### WHAT THE TASK ASKS
I'd like the entries repeated exactly, pictures omitted.

### SOURCE DATA
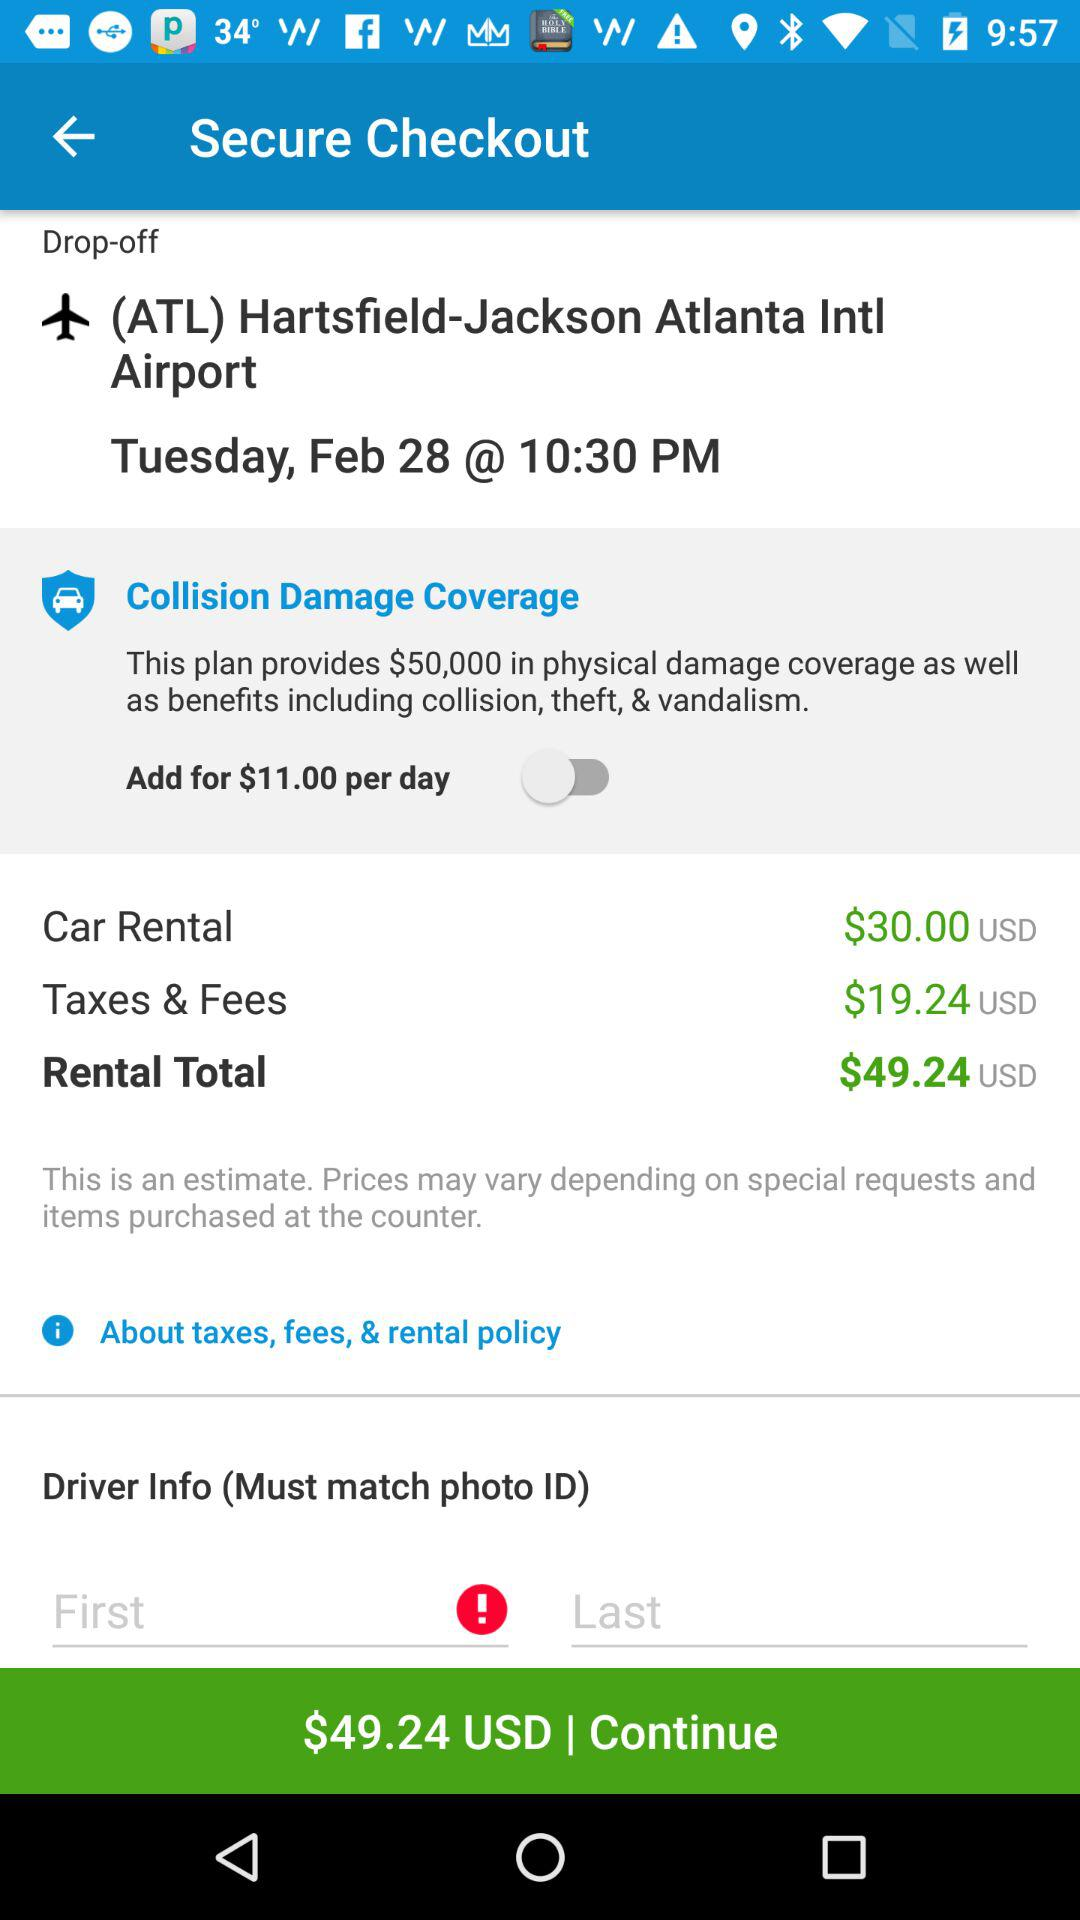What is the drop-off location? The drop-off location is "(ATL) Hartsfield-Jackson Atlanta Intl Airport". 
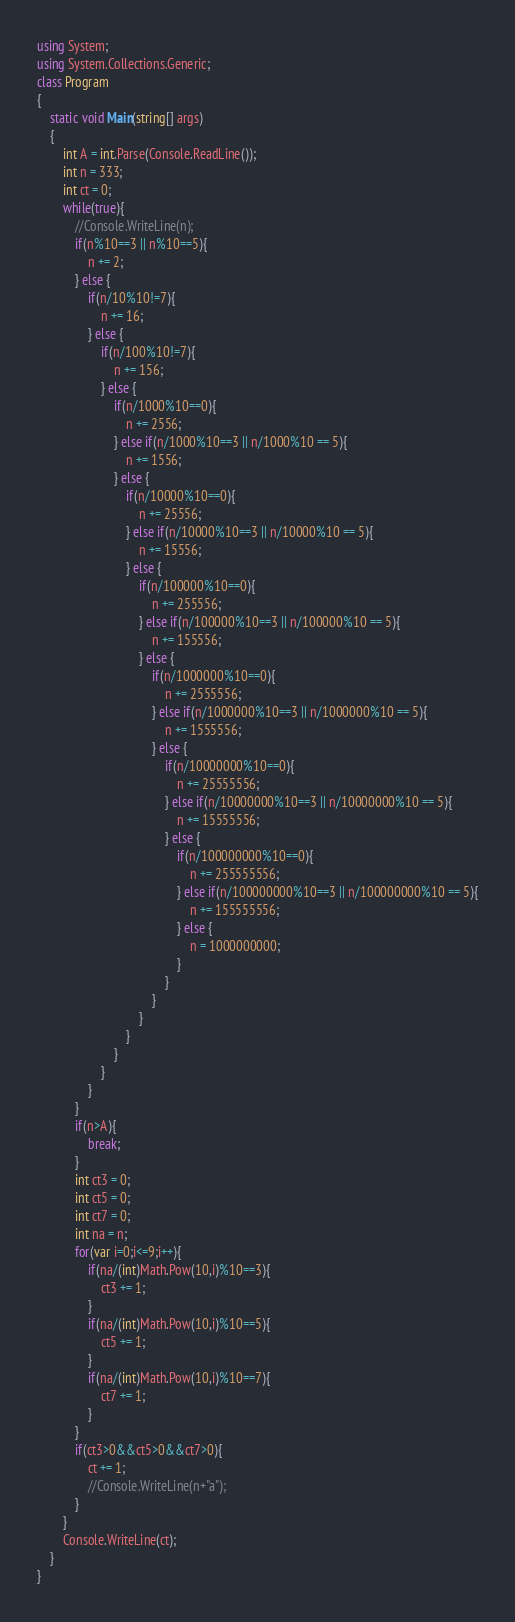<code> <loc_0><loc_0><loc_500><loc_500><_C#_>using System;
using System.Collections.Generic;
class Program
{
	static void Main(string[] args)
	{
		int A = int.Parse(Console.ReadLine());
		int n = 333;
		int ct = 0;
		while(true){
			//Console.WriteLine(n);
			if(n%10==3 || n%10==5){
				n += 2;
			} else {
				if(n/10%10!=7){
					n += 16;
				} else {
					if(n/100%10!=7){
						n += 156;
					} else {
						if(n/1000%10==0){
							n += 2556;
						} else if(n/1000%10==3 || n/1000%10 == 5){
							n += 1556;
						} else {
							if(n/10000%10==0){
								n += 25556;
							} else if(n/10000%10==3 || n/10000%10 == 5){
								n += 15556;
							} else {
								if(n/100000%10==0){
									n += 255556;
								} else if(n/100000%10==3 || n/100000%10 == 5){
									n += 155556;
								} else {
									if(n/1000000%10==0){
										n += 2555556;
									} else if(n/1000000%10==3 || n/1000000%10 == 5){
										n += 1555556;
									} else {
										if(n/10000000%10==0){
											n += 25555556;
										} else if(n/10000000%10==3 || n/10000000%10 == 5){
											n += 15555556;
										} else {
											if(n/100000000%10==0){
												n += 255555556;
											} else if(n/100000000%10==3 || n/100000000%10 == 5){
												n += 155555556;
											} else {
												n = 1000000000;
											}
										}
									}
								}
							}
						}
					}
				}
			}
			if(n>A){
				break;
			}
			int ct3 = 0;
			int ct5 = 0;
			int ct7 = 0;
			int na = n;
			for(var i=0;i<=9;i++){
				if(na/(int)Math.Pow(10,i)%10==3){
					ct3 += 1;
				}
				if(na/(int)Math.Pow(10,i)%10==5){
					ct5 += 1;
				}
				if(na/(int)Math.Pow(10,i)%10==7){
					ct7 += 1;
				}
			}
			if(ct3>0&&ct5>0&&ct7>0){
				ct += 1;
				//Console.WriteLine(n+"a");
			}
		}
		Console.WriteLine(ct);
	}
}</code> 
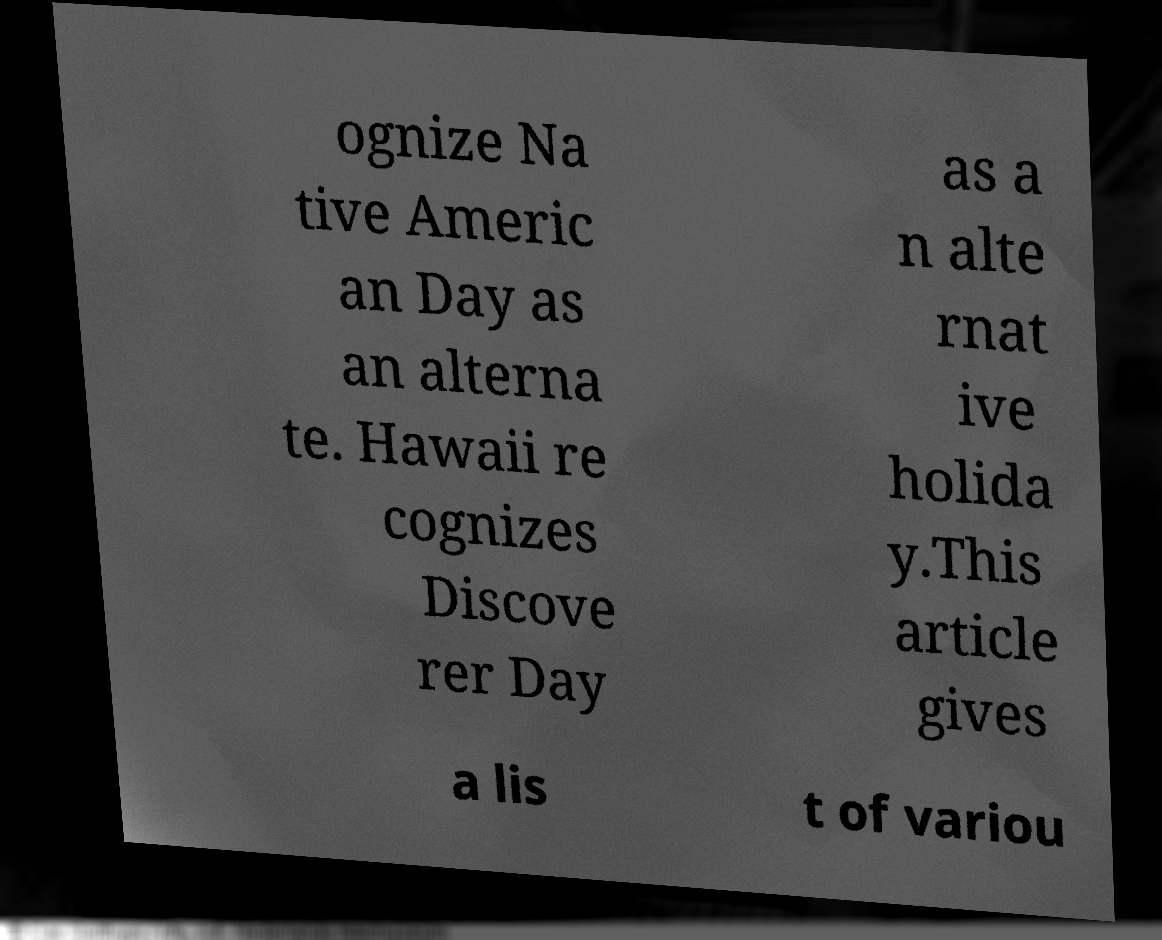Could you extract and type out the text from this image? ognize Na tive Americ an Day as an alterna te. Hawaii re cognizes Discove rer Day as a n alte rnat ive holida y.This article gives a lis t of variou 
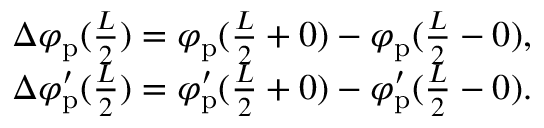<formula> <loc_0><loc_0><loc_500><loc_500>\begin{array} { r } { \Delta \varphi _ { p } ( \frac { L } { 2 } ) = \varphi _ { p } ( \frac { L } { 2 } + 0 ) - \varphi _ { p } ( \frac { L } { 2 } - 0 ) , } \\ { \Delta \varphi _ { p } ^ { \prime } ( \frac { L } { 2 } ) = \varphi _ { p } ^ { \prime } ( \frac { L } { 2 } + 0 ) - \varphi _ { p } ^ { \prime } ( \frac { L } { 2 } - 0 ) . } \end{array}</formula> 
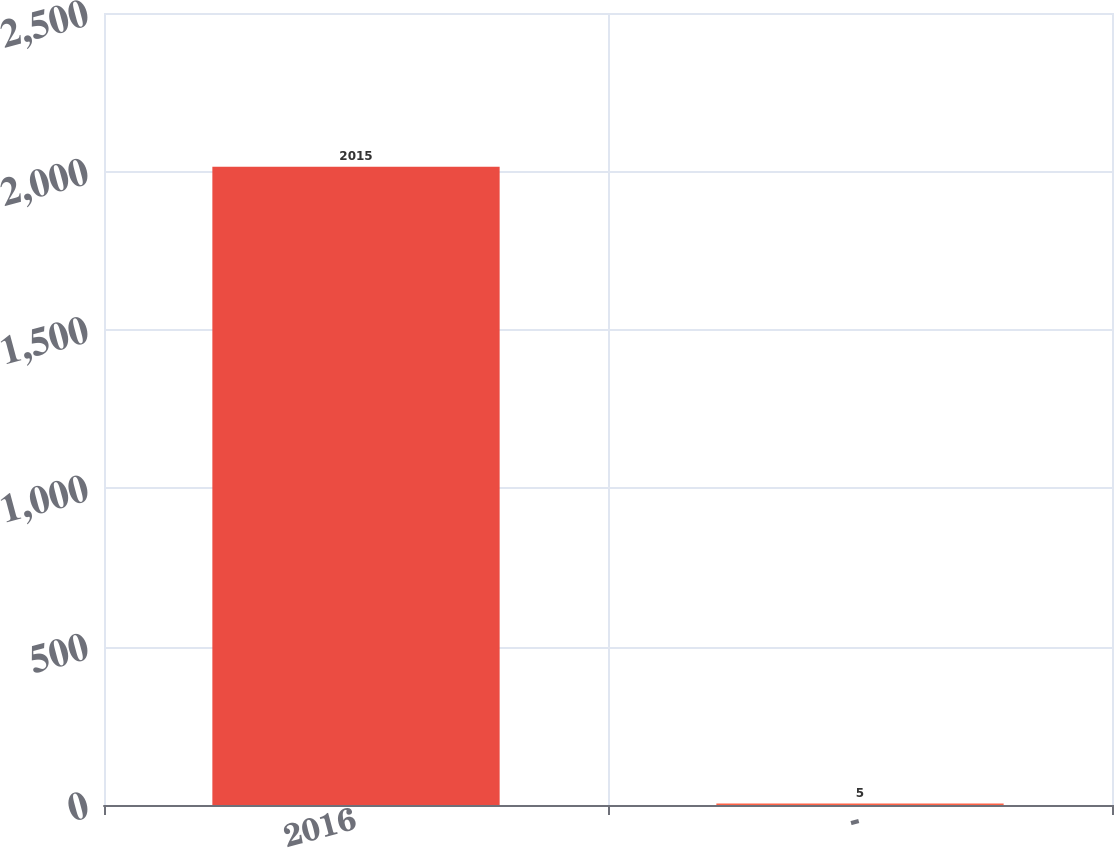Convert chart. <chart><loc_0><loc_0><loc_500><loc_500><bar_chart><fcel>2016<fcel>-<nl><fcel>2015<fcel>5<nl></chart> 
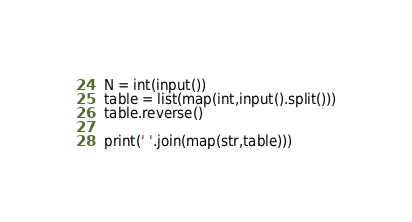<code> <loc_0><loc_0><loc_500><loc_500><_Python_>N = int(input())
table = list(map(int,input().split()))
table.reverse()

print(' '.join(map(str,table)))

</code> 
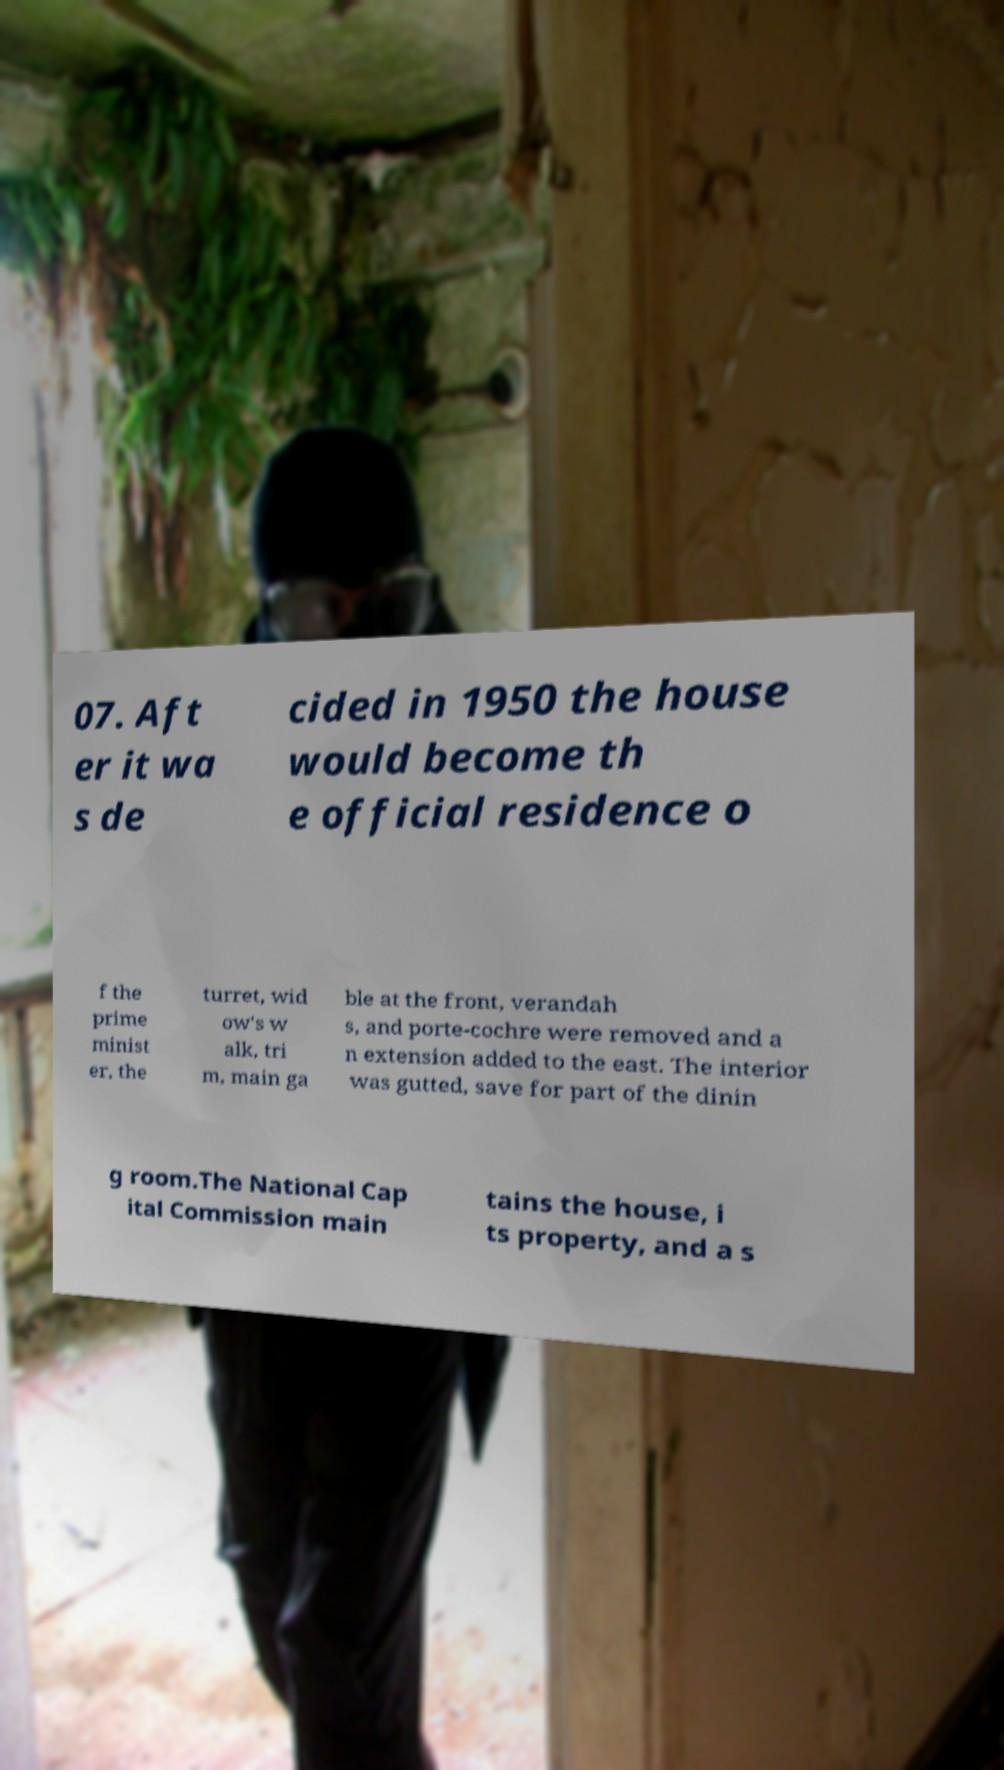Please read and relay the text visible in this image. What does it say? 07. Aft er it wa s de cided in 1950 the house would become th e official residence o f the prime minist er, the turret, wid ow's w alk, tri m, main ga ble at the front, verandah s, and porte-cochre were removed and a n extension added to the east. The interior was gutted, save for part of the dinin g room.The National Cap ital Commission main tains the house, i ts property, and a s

### RESPONSE TO THIS TASK
What is the drop-off location? The drop-off location is "(ATL) Hartsfield-Jackson Atlanta Intl Airport". 
<code> <loc_0><loc_0><loc_500><loc_500><_C#_>using System;
using System.Collections.Generic;
class Program
{
	static void Main(string[] args)
	{
		int A = int.Parse(Console.ReadLine());
		int n = 333;
		int ct = 0;
		while(true){
			//Console.WriteLine(n);
			if(n%10==3 || n%10==5){
				n += 2;
			} else {
				if(n/10%10!=7){
					n += 16;
				} else {
					if(n/100%10!=7){
						n += 156;
					} else {
						if(n/1000%10==0){
							n += 2556;
						} else if(n/1000%10==3 || n/1000%10 == 5){
							n += 1556;
						} else {
							if(n/10000%10==0){
								n += 25556;
							} else if(n/10000%10==3 || n/10000%10 == 5){
								n += 15556;
							} else {
								if(n/100000%10==0){
									n += 255556;
								} else if(n/100000%10==3 || n/100000%10 == 5){
									n += 155556;
								} else {
									if(n/1000000%10==0){
										n += 2555556;
									} else if(n/1000000%10==3 || n/1000000%10 == 5){
										n += 1555556;
									} else {
										if(n/10000000%10==0){
											n += 25555556;
										} else if(n/10000000%10==3 || n/10000000%10 == 5){
											n += 15555556;
										} else {
											if(n/100000000%10==0){
												n += 255555556;
											} else if(n/100000000%10==3 || n/100000000%10 == 5){
												n += 155555556;
											} else {
												n = 1000000000;
											}
										}
									}
								}
							}
						}
					}
				}
			}
			if(n>A){
				break;
			}
			int ct3 = 0;
			int ct5 = 0;
			int ct7 = 0;
			int na = n;
			for(var i=0;i<=9;i++){
				if(na/(int)Math.Pow(10,i)%10==3){
					ct3 += 1;
				}
				if(na/(int)Math.Pow(10,i)%10==5){
					ct5 += 1;
				}
				if(na/(int)Math.Pow(10,i)%10==7){
					ct7 += 1;
				}
			}
			if(ct3>0&&ct5>0&&ct7>0){
				ct += 1;
				//Console.WriteLine(n+"a");
			}
		}
		Console.WriteLine(ct);
	}
}</code> 
Could you extract and type out the text from this image? ognize Na tive Americ an Day as an alterna te. Hawaii re cognizes Discove rer Day as a n alte rnat ive holida y.This article gives a lis t of variou 
<formula> <loc_0><loc_0><loc_500><loc_500>\begin{array} { r } { \Delta \varphi _ { p } ( \frac { L } { 2 } ) = \varphi _ { p } ( \frac { L } { 2 } + 0 ) - \varphi _ { p } ( \frac { L } { 2 } - 0 ) , } \\ { \Delta \varphi _ { p } ^ { \prime } ( \frac { L } { 2 } ) = \varphi _ { p } ^ { \prime } ( \frac { L } { 2 } + 0 ) - \varphi _ { p } ^ { \prime } ( \frac { L } { 2 } - 0 ) . } \end{array}</formula> 
Convert chart. <chart><loc_0><loc_0><loc_500><loc_500><bar_chart><fcel>2016<fcel>-<nl><fcel>2015<fcel>5<nl></chart> 
<code> <loc_0><loc_0><loc_500><loc_500><_Python_>N = int(input())
table = list(map(int,input().split()))
table.reverse()

print(' '.join(map(str,table)))

</code> 
Please read and relay the text visible in this image. What does it say? 07. Aft er it wa s de cided in 1950 the house would become th e official residence o f the prime minist er, the turret, wid ow's w alk, tri m, main ga ble at the front, verandah s, and porte-cochre were removed and a n extension added to the east. The interior was gutted, save for part of the dinin g room.The National Cap ital Commission main tains the house, i ts property, and a s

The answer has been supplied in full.